Surprise Down Under..Horn By UD Over Pacquiao

Photo Credit-Chris Hyde, Getty Images

In order for a live dog to win in boxing, they must be mean and nasty and willing to win at any cost. 

On Sunday afternoon in Brisbane, Australia, Jeff Horn (17-0-1 11 KO) was a junk yard dog in defeating future Hall of Famer Manny Pacquiao (59-7-2, 38 KOs), by unanimous decision, 115-113 X2 and a What The Hell Fight Were You Watching score of 117-111. 

The new champion brought the fight to the Pac Man early and often showing no respect for his elder. Horn is awkward and it took Pacquiao a few rounds to get his timing down. 

In the 3rd, Pacquiao began to find his range but Horn made all of the ensuing rounds close with his awkward aggressiveness. Horn would hold and hit anything he could while in the clinch. 

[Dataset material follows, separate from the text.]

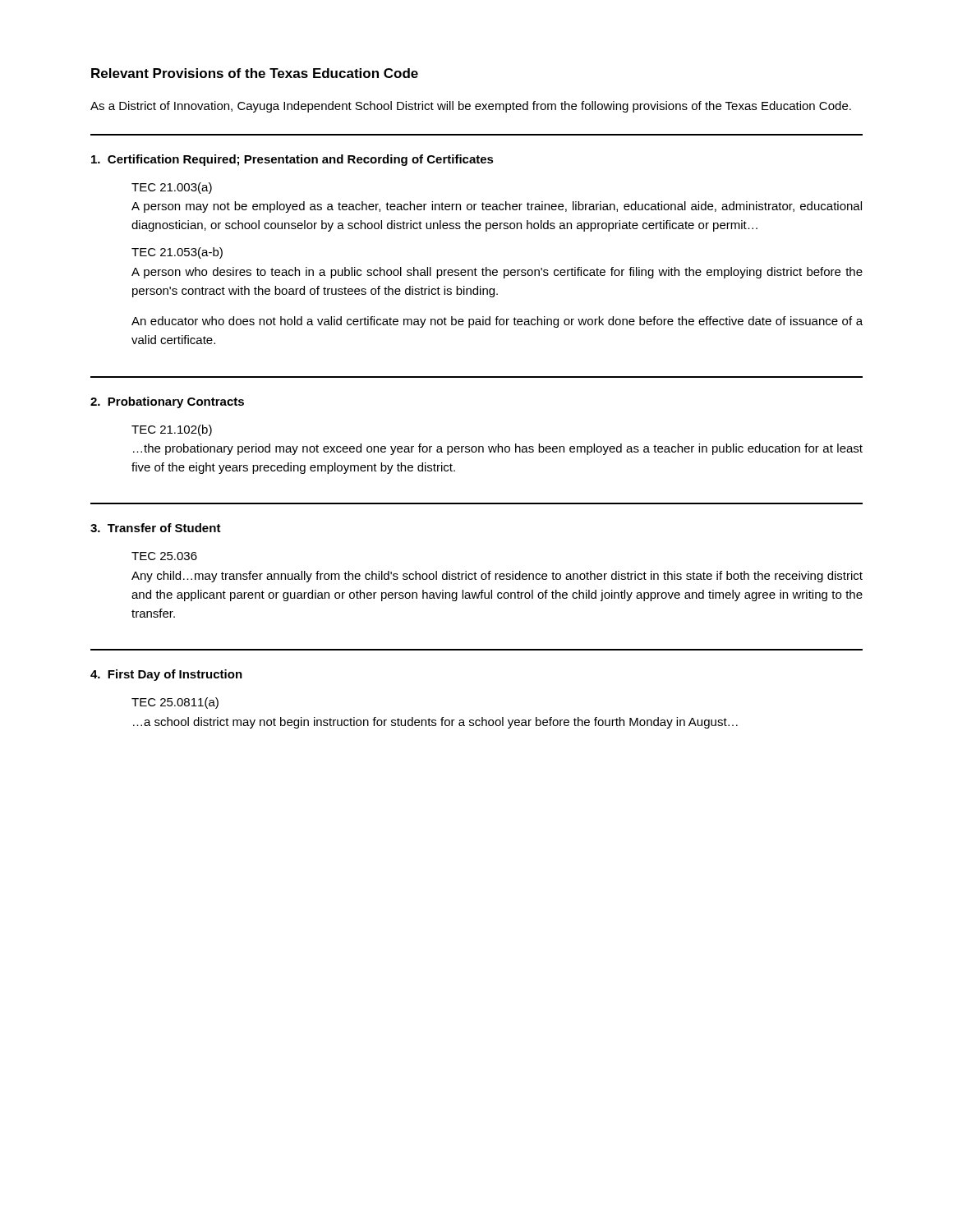Click on the text starting "An educator who does not hold a"
Viewport: 953px width, 1232px height.
(497, 330)

Horn was visibly the bigger man and used his length well when he had to. He looked to rough up Pacquiao on the ropes every chance he got and obliged the former WBO champion in toe to toe exchanges.  

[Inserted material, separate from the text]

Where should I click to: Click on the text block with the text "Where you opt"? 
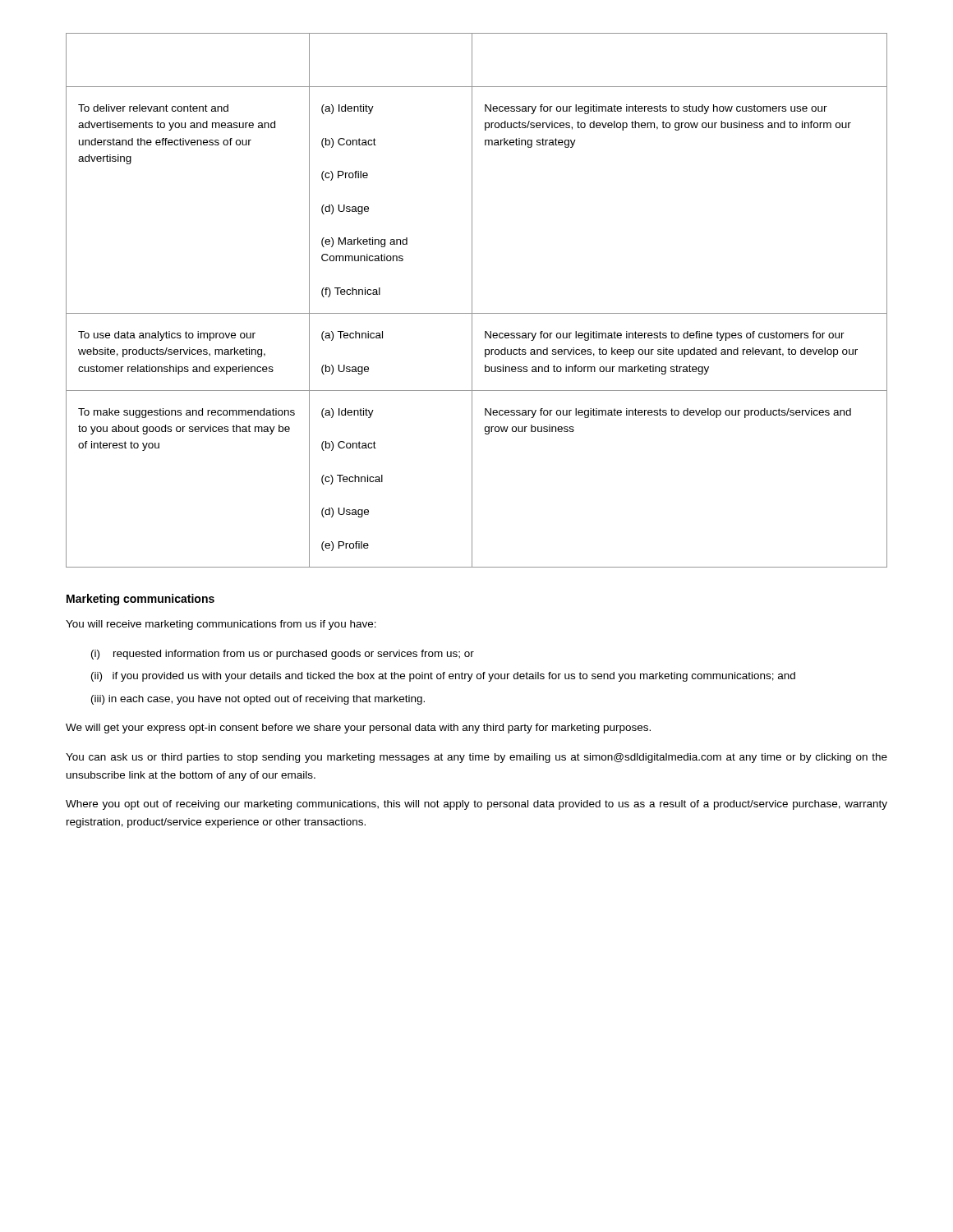point(476,813)

Pacquiao got cut on both sides of his hairline from head butts and returned the favor by brusing, swelling, and bloodying Horn’s face. 

Pacquiao had arguably his best round in the 9th where he pummeled Horn from pillar to post in true Pacquiao fashion. In between rounds, the referee told Horn and his corner that he would give Horn an opportunity to show something in the next round or he would stop the fight. 

The 38 year old Pacquiao was visibly weary in the tenth from his ninth round effort allowing Horn to work his way back into the good graces of the referee over the next two rounds. 

There was a bit of controversy after the scores were read and for good reason. Pacquiao outlanded Horn and arguably could have had at least one 10-8 round. Horn was aggressive but most of the effort wasn’t effective aggression which boxing is scored on.  

Horn was rough and tough, landed some good punches but again, questionable if it was enough to take the title. 

Maybe it was that he did better than most would have thought, outperformed expectations? The judges probably scored the close rounds for Horn because a less than dominating Pacquiao made it seem so. 

Standing-8 didn’t score the fight, but although very close, believed Pacquiao had done enough to retain his title. We’re going to have to go back and score this one, update to follow. 

It wasn’t a robbery, close yes, but the 117-111 score notwithstanding, the 115-113 scores for Horn (or had it gone the other way for that matter) were not outrageous in a fight with very close rounds. 

The word “robbery” once again rears its ugly head in the squared circle. A shame really after a competitive, tough, close fight.